**REQUIREMENT:**
Transcribe the data that follows precisely, omitting nothing.

++++

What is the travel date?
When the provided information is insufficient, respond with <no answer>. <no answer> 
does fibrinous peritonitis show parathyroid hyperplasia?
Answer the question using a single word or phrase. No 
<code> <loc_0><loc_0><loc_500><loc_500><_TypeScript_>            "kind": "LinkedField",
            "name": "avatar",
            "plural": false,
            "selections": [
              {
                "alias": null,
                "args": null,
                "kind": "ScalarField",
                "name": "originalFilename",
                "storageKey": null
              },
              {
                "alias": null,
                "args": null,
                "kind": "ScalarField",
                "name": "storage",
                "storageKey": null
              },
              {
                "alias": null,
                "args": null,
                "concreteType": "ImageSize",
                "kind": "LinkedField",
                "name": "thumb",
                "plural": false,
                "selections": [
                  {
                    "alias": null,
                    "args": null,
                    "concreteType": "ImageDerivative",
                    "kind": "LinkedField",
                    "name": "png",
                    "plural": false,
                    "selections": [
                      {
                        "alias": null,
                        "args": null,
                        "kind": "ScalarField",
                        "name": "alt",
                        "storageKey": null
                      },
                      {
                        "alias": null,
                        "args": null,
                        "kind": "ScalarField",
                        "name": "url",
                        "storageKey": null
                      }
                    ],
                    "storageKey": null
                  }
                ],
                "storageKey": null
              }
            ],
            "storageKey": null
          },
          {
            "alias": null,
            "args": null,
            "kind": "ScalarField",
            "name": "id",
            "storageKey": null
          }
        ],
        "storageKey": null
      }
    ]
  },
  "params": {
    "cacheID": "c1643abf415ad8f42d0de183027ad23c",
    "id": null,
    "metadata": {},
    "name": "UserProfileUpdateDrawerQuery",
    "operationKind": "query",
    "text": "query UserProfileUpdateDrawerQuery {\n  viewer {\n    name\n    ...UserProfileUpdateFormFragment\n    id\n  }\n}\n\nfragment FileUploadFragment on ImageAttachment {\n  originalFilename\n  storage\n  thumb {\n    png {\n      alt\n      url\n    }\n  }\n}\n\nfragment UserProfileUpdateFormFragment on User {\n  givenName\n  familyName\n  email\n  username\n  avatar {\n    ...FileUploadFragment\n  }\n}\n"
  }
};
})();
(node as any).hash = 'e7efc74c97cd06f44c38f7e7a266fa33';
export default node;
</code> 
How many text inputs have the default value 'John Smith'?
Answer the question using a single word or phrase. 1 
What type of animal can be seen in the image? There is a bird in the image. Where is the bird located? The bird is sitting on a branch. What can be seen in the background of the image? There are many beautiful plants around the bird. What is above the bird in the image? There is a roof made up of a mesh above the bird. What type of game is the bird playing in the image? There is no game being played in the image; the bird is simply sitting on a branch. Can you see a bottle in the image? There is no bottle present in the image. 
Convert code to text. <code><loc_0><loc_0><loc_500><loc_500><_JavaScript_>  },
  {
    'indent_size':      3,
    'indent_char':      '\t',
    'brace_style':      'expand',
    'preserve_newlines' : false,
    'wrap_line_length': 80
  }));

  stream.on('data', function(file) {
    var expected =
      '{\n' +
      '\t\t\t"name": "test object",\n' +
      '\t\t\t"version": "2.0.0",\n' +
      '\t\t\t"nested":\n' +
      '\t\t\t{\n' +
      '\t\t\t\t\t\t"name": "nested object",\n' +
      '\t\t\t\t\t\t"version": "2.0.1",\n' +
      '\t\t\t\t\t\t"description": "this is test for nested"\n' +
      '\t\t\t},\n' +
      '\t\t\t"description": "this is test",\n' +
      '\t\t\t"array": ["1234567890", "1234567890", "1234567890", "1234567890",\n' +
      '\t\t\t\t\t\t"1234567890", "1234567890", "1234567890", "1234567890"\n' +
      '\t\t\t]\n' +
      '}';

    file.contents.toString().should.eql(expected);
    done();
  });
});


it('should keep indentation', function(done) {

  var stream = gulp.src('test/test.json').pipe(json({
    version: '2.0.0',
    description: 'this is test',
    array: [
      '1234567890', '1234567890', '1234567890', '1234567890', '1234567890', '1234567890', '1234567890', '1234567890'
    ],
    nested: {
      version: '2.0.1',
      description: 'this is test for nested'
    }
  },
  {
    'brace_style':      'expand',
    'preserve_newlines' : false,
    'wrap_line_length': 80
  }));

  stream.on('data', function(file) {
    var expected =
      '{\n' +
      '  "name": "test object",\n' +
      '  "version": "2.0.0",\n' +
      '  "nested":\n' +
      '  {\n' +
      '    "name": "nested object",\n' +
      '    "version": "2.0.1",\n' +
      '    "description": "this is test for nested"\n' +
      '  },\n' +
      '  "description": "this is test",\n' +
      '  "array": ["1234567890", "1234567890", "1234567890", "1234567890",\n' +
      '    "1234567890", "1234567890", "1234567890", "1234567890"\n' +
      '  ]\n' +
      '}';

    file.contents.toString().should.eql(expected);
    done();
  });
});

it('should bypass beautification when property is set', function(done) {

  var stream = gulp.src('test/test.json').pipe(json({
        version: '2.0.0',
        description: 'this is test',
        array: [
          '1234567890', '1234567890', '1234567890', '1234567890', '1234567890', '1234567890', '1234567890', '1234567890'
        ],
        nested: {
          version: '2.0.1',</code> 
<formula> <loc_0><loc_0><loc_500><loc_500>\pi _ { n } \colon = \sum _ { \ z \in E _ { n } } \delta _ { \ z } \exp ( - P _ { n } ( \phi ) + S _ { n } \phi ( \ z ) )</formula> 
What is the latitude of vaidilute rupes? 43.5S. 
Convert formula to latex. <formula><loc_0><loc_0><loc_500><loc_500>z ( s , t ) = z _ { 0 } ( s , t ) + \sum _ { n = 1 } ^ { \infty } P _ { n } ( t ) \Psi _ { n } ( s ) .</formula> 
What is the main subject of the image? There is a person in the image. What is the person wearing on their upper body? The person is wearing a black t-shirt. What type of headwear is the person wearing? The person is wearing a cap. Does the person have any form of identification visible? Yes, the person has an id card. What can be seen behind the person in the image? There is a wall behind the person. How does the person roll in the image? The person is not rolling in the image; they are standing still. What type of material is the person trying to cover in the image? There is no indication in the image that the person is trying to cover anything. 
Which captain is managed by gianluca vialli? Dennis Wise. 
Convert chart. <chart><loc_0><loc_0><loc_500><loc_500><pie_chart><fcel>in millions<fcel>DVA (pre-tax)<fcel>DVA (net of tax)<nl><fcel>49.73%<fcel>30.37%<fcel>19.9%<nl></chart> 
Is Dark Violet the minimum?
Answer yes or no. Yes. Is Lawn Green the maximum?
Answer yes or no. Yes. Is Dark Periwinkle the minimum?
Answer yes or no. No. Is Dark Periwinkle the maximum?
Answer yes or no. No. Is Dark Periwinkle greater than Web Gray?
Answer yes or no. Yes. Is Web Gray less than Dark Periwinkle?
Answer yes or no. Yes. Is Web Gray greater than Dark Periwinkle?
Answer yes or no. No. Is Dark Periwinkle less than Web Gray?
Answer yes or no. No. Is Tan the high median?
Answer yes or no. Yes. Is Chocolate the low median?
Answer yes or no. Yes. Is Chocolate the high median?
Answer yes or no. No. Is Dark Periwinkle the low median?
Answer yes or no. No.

++++

**COMPLETED EXERCISE:**
What is the travel date?
When the provided information is insufficient, respond with <no answer>. <no answer> 
does fibrinous peritonitis show parathyroid hyperplasia?
Answer the question using a single word or phrase. No 
<code> <loc_0><loc_0><loc_500><loc_500><_TypeScript_>            "kind": "LinkedField",
            "name": "avatar",
            "plural": false,
            "selections": [
              {
                "alias": null,
                "args": null,
                "kind": "ScalarField",
                "name": "originalFilename",
                "storageKey": null
              },
              {
                "alias": null,
                "args": null,
                "kind": "ScalarField",
                "name": "storage",
                "storageKey": null
              },
              {
                "alias": null,
                "args": null,
                "concreteType": "ImageSize",
                "kind": "LinkedField",
                "name": "thumb",
                "plural": false,
                "selections": [
                  {
                    "alias": null,
                    "args": null,
                    "concreteType": "ImageDerivative",
                    "kind": "LinkedField",
                    "name": "png",
                    "plural": false,
                    "selections": [
                      {
                        "alias": null,
                        "args": null,
                        "kind": "ScalarField",
                        "name": "alt",
                        "storageKey": null
                      },
                      {
                        "alias": null,
                        "args": null,
                        "kind": "ScalarField",
                        "name": "url",
                        "storageKey": null
                      }
                    ],
                    "storageKey": null
                  }
                ],
                "storageKey": null
              }
            ],
            "storageKey": null
          },
          {
            "alias": null,
            "args": null,
            "kind": "ScalarField",
            "name": "id",
            "storageKey": null
          }
        ],
        "storageKey": null
      }
    ]
  },
  "params": {
    "cacheID": "c1643abf415ad8f42d0de183027ad23c",
    "id": null,
    "metadata": {},
    "name": "UserProfileUpdateDrawerQuery",
    "operationKind": "query",
    "text": "query UserProfileUpdateDrawerQuery {\n  viewer {\n    name\n    ...UserProfileUpdateFormFragment\n    id\n  }\n}\n\nfragment FileUploadFragment on ImageAttachment {\n  originalFilename\n  storage\n  thumb {\n    png {\n      alt\n      url\n    }\n  }\n}\n\nfragment UserProfileUpdateFormFragment on User {\n  givenName\n  familyName\n  email\n  username\n  avatar {\n    ...FileUploadFragment\n  }\n}\n"
  }
};
})();
(node as any).hash = 'e7efc74c97cd06f44c38f7e7a266fa33';
export default node;
</code> 
How many text inputs have the default value 'John Smith'?
Answer the question using a single word or phrase. 1 
What type of animal can be seen in the image? There is a bird in the image. Where is the bird located? The bird is sitting on a branch. What can be seen in the background of the image? There are many beautiful plants around the bird. What is above the bird in the image? There is a roof made up of a mesh above the bird. What type of game is the bird playing in the image? There is no game being played in the image; the bird is simply sitting on a branch. Can you see a bottle in the image? There is no bottle present in the image. 
Convert code to text. <code><loc_0><loc_0><loc_500><loc_500><_JavaScript_>  },
  {
    'indent_size':      3,
    'indent_char':      '\t',
    'brace_style':      'expand',
    'preserve_newlines' : false,
    'wrap_line_length': 80
  }));

  stream.on('data', function(file) {
    var expected =
      '{\n' +
      '\t\t\t"name": "test object",\n' +
      '\t\t\t"version": "2.0.0",\n' +
      '\t\t\t"nested":\n' +
      '\t\t\t{\n' +
      '\t\t\t\t\t\t"name": "nested object",\n' +
      '\t\t\t\t\t\t"version": "2.0.1",\n' +
      '\t\t\t\t\t\t"description": "this is test for nested"\n' +
      '\t\t\t},\n' +
      '\t\t\t"description": "this is test",\n' +
      '\t\t\t"array": ["1234567890", "1234567890", "1234567890", "1234567890",\n' +
      '\t\t\t\t\t\t"1234567890", "1234567890", "1234567890", "1234567890"\n' +
      '\t\t\t]\n' +
      '}';

    file.contents.toString().should.eql(expected);
    done();
  });
});


it('should keep indentation', function(done) {

  var stream = gulp.src('test/test.json').pipe(json({
    version: '2.0.0',
    description: 'this is test',
    array: [
      '1234567890', '1234567890', '1234567890', '1234567890', '1234567890', '1234567890', '1234567890', '1234567890'
    ],
    nested: {
      version: '2.0.1',
      description: 'this is test for nested'
    }
  },
  {
    'brace_style':      'expand',
    'preserve_newlines' : false,
    'wrap_line_length': 80
  }));

  stream.on('data', function(file) {
    var expected =
      '{\n' +
      '  "name": "test object",\n' +
      '  "version": "2.0.0",\n' +
      '  "nested":\n' +
      '  {\n' +
      '    "name": "nested object",\n' +
      '    "version": "2.0.1",\n' +
      '    "description": "this is test for nested"\n' +
      '  },\n' +
      '  "description": "this is test",\n' +
      '  "array": ["1234567890", "1234567890", "1234567890", "1234567890",\n' +
      '    "1234567890", "1234567890", "1234567890", "1234567890"\n' +
      '  ]\n' +
      '}';

    file.contents.toString().should.eql(expected);
    done();
  });
});

it('should bypass beautification when property is set', function(done) {

  var stream = gulp.src('test/test.json').pipe(json({
        version: '2.0.0',
        description: 'this is test',
        array: [
          '1234567890', '1234567890', '1234567890', '1234567890', '1234567890', '1234567890', '1234567890', '1234567890'
        ],
        nested: {
          version: '2.0.1',</code> 
<formula> <loc_0><loc_0><loc_500><loc_500>\pi _ { n } \colon = \sum _ { \ z \in E _ { n } } \delta _ { \ z } \exp ( - P _ { n } ( \phi ) + S _ { n } \phi ( \ z ) )</formula> 
What is the latitude of vaidilute rupes? 43.5S. 
Convert formula to latex. <formula><loc_0><loc_0><loc_500><loc_500>z ( s , t ) = z _ { 0 } ( s , t ) + \sum _ { n = 1 } ^ { \infty } P _ { n } ( t ) \Psi _ { n } ( s ) .</formula> 
What is the main subject of the image? There is a person in the image. What is the person wearing on their upper body? The person is wearing a black t-shirt. What type of headwear is the person wearing? The person is wearing a cap. Does the person have any form of identification visible? Yes, the person has an id card. What can be seen behind the person in the image? There is a wall behind the person. How does the person roll in the image? The person is not rolling in the image; they are standing still. What type of material is the person trying to cover in the image? There is no indication in the image that the person is trying to cover anything. 
Which captain is managed by gianluca vialli? Dennis Wise. 
Convert chart. <chart><loc_0><loc_0><loc_500><loc_500><pie_chart><fcel>in millions<fcel>DVA (pre-tax)<fcel>DVA (net of tax)<nl><fcel>49.73%<fcel>30.37%<fcel>19.9%<nl></chart> 
Is Dark Violet the minimum?
Answer yes or no. Yes. Is Lawn Green the maximum?
Answer yes or no. Yes. Is Dark Periwinkle the minimum?
Answer yes or no. No. Is Dark Periwinkle the maximum?
Answer yes or no. No. Is Dark Periwinkle greater than Web Gray?
Answer yes or no. Yes. Is Web Gray less than Dark Periwinkle?
Answer yes or no. Yes. Is Web Gray greater than Dark Periwinkle?
Answer yes or no. No. Is Dark Periwinkle less than Web Gray?
Answer yes or no. No. Is Tan the high median?
Answer yes or no. Yes. Is Chocolate the low median?
Answer yes or no. Yes. Is Chocolate the high median?
Answer yes or no. No. Is Dark Periwinkle the low median?
Answer yes or no. No.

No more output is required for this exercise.